Americans did man three fighter squadrons after the BoB and the took a real pasting at times. A point made by James "Goody" Goodson, in his autobiography "A Tumult in the Clouds".
He also stated there, to pick a losing fight with W. Anchor, that they formed not only the 4th FG, but also the core of the USAAF 8th Fighter Command. They brought both their Spitfire V's, but also their priceless current combat experience.
 
#19
103 Squadron at Easton in the Wolds had American (1 badged as a Canadian), Canadians (2 still alive), Russians (2 that are documented), Dutch, Polish and Welsh, so a very mixed bunch of nations. All the Canadians and Yanks with that squadron, allegedly got DFCs but the English didn't.

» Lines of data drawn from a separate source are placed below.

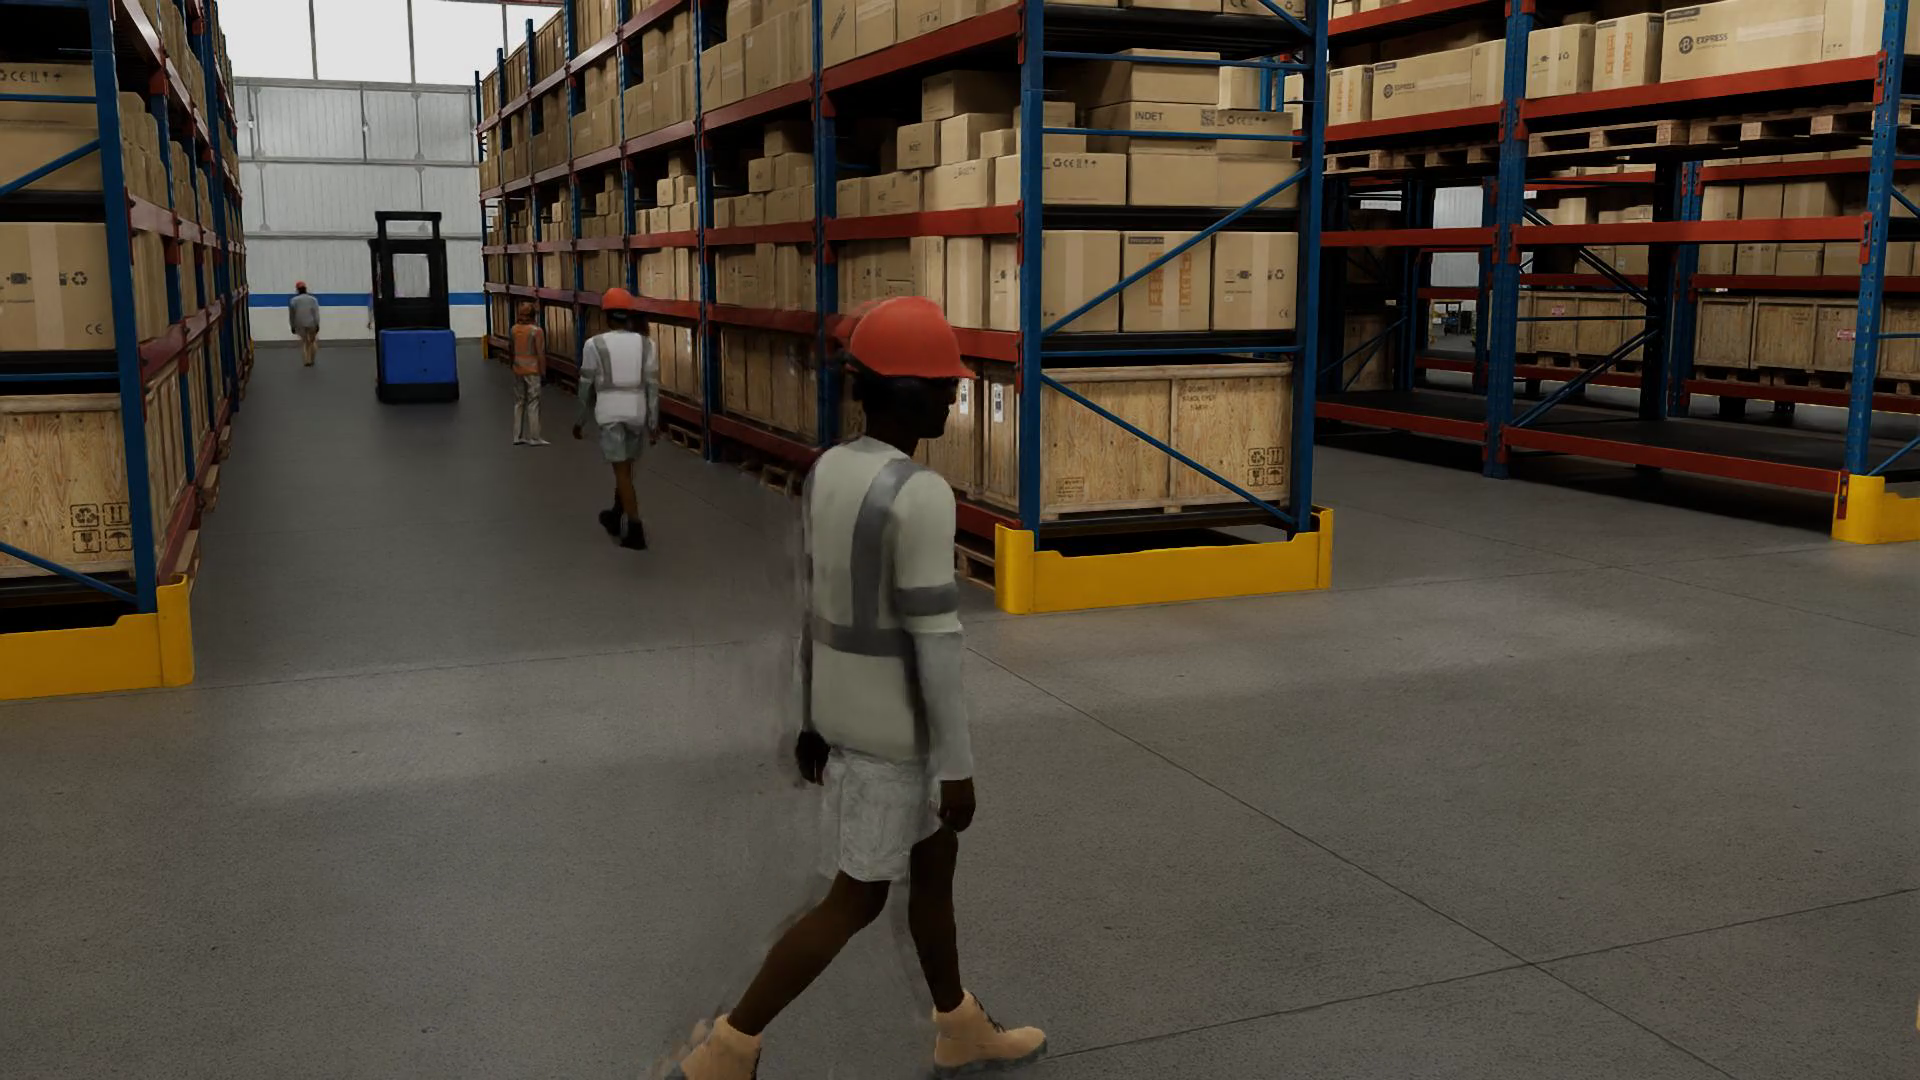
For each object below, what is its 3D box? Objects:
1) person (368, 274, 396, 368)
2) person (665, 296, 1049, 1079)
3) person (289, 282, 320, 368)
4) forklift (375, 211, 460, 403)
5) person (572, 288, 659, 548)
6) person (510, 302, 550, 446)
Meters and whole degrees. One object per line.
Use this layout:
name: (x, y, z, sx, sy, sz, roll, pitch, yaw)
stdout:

Those English pilots who went on to serve with American bomber Command got pensions from them as well, a huge difference in money terms, from the then RAF pension, AND the Americans still keep contact with the remaining retired airmen
 
#20
IIRC a very young Tom Hanks was in a film about a US pilot serving with the RAF in the middle east. I can't remember what it is called, and there is not much flying in it (it seemed low budget, just shots of him getting into and out of RAF aircraft) and concentrates on his love interest.

But what I remember is his reaction when told that the US had entered the war, and would he like to transfer to the USAAF? I can't remember the words but something along the lines of no way!